Financial Victory? An analysis of NFL wins from contract data.

14 Oct 2019

I’ve always been a Green Bay Packers fan, which may be a bit surprising given that I’m currently in Chicago as a part of the fall cohort of the Metis Data Science Bootcamp. But I am a Cheesehead born and raised. My family may not agree on everything, but we can agree when it comes to our NFL fandom.

Why look at contract data? My initial interest in this question comes from looking at the quarterback position. Since the 2010 season, the Super Bowl winning quarterbacks were Aaron Rodgers, Eli Manning, Joe Flacco, Russell Wilson, Tom Brady (three times), Peyton Manning, and Nick Foles. Of these, Joe Flacco and Russell Wilson were on their rookie contracts, while Nick Foles was a backup for a starter on a rookie contract.

I found this situation interesting. Considering also runners up in the Super Bowl, three additional quarterbacks on a rookie contract also appear. Furthermore, the 2018 NFL MVP Patrick Mahomes is still on his rookie contract. These contracts are notably cheaper than contracts given to the same players in future contracts.

This motivates my analysis. Does having additional cap space to spend on other position groups help a team win? More generally, what can linear regression say from spending patterns in relation to regular season wins?

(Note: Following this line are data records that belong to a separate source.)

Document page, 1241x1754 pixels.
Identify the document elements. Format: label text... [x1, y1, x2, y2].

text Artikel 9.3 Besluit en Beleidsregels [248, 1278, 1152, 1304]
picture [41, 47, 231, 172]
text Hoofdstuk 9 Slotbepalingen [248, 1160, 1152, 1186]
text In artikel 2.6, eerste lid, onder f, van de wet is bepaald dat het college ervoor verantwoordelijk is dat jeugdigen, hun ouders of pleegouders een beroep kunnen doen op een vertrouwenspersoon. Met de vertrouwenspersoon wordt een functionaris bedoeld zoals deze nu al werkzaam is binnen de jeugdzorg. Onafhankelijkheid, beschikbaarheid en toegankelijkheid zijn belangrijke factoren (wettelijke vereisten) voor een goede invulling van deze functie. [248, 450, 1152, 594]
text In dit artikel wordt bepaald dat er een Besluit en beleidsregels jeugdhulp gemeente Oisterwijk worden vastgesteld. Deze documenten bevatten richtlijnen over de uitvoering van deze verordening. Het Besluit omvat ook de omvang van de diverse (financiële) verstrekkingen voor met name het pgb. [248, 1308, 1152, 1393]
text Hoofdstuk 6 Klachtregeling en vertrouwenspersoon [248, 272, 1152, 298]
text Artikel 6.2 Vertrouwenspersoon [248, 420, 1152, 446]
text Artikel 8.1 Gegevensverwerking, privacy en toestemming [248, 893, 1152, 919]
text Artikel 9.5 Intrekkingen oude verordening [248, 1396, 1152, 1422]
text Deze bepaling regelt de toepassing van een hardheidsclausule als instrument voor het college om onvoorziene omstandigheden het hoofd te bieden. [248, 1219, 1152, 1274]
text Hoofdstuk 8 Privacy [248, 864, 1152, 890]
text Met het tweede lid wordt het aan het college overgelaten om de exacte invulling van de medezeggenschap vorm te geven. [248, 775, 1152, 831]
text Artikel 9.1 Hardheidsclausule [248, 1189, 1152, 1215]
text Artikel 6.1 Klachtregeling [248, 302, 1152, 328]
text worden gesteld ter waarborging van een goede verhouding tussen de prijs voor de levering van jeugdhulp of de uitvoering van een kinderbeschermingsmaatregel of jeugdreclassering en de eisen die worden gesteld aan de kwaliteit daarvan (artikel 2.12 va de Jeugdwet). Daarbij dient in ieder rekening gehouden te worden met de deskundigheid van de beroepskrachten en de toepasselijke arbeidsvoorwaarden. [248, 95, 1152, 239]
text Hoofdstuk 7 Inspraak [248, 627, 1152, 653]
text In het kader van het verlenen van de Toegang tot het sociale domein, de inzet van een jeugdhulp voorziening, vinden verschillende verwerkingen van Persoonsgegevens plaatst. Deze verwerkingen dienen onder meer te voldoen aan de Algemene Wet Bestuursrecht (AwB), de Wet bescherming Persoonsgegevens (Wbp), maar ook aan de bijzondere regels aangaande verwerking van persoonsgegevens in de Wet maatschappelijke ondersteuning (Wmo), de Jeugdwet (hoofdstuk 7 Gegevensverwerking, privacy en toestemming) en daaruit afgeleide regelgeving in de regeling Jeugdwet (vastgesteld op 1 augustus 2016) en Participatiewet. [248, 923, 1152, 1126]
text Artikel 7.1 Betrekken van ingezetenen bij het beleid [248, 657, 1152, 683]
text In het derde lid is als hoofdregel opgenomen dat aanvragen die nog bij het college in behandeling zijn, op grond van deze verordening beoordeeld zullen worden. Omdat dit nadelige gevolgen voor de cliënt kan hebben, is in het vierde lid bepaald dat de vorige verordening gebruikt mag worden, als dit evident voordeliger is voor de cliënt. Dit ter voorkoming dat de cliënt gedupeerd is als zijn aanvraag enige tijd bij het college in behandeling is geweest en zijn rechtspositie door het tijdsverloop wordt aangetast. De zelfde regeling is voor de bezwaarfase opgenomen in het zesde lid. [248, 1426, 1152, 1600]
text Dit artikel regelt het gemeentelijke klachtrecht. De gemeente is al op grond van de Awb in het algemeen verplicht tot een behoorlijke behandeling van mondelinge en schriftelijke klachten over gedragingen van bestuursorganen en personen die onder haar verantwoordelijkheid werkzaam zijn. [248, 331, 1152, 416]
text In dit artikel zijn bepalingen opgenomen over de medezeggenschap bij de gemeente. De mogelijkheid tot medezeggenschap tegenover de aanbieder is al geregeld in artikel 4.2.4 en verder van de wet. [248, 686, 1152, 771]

To get started I got really well acquainted with BeautifulSoup, a library for working with HTML/XML files. With this, I scraped relevant contract data off of Sportrac.com. This data is somewhat limited, not by availability but by relevance, given that the collective bargaining agreement between the NFL and the NFL Players Association fundamentally determines the relevance of contract financials.

Once i had contract data, I then went to Wikipedia and acquired the remainder of my data, now came the hard part! This data is not at all suited to the techniques I have at hand, and as an NFL fan, it’s not the most direct measure of a teams success to know how they paid their punter!

Regardless, there is still important modeling considerations to entertain. For this project at Metis I was restricted to forms of linear regression (with regularization). Fighting overfitting became my main difficulty, as the dataset was quite small (~200 rows). I decided to use a LASSO regression (a linear regression with an L1 penalty on coefficients). What does that mean? Not only did it try to match my training data, but furthermore this algorithm punishes itself for the sum of the absolute values of the coefficients. By adding a contraint, the ability to overfit is reduced.

In the end, this model was not the greatest for betting at Vegas! My model on my testing set had a Root Mean Square Error of ~2.8. That is it’s generally around 3 games off on a 16 game season.